Model performance: 27.250000000000004%


#### Results
As we can see from above, using a text-based vectorization approach only resulted in roughly 27% accuracy on the testing data. This low accuracy measure is an indicator that this paradigm is inherently flawed and the patterns that may be extracted from the text are quite sparse barring the use of more advanced methods. In addition to the low accuracy, it is simply not feasible to execute this type of classification model on the entire dataset due to memory constraints of our target machine. This leads us to pursue other options.

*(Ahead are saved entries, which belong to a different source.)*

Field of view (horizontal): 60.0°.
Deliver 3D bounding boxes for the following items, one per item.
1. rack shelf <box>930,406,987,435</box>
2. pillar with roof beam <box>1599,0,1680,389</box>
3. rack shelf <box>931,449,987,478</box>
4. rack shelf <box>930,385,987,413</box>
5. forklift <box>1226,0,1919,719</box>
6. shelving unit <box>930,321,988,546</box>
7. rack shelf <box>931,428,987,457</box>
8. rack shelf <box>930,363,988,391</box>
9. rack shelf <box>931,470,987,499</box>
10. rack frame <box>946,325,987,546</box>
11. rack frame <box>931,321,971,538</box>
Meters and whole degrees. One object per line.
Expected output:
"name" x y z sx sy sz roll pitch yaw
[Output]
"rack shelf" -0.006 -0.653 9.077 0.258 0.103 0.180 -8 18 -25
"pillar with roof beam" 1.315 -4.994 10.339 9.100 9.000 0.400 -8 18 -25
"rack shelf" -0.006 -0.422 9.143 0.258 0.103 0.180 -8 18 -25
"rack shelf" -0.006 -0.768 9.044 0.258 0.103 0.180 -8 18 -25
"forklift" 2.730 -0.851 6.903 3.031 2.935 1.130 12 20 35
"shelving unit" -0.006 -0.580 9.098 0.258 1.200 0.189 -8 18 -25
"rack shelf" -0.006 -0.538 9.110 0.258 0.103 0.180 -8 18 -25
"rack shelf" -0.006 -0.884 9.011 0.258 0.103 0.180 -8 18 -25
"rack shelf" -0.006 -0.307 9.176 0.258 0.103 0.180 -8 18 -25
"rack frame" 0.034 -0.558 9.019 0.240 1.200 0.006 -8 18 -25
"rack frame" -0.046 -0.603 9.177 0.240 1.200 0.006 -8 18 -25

### Numbers-Exclusive Approach
#### Overview
Contary to the previous method, we shall use all of the numerical columns in our transformed dataset as features. These columns include 'PlayNum', 'PlayerLinenumber', 'Act', 'Scene', and 'Line'. My hypothesis is that, due to the conditional structure of the numerical data as it relates to the player output, we may use a Decision Tree model with success. In addition, since the memory overhead of this model is much lower, we may process the entire dataset in a single model.

In [18]:
# Import the Tree-based models
from sklearn.tree import DecisionTreeClassifier

In [19]:
feature_names = ['PlayNum','PlayerLinenumber','Act','Scene','Line']
X = df[feature_names].to_numpy()
y = df['Player']

def standardModelEval(X,y,model):
    X_train, X_test, y_train, y_test = train_test_split(X, y, random_state=0)
    clf = model.fit(X_train, y_train)
    return clf.score(X_test,y_test)

In [20]:
model = DecisionTreeClassifier()
printPerformance(standardModelEval(X,y,model))

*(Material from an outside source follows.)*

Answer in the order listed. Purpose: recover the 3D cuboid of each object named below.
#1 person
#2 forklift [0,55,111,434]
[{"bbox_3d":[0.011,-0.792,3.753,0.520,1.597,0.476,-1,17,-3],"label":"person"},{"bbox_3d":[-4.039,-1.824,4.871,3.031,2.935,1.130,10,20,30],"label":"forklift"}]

Model performance: 74.78813559322035%


#### Results
As we can see above, we achieved roughly 75% accuracy on our tree-based model. This model was very fast and required very little memory compared to the text vectorization model. These properties enabled us to train and test our entire dataset at one time. Although this percentage isn't perfect, the high speed and low memory allow us to work with this model over our entire dataset.

### Conclusion
The text-based analysis and modeling proved to be difficult in this project due to the sheer amount of data and the lack of textual patterns available to classify characters. On the contrary, utilization of the numerical features of our dataset and the deployment of a decision tree model proved to be not only much more accurate, but also fast and memory efficient in the context of our entire dataset. Although the text model proved ineffective in our limited trial, the idea may still be put to good use in conjuction to a tree-based model. Due to time constraints, we were not able to explore the concept of model combination, but this concept may prove useful in the context of this problem.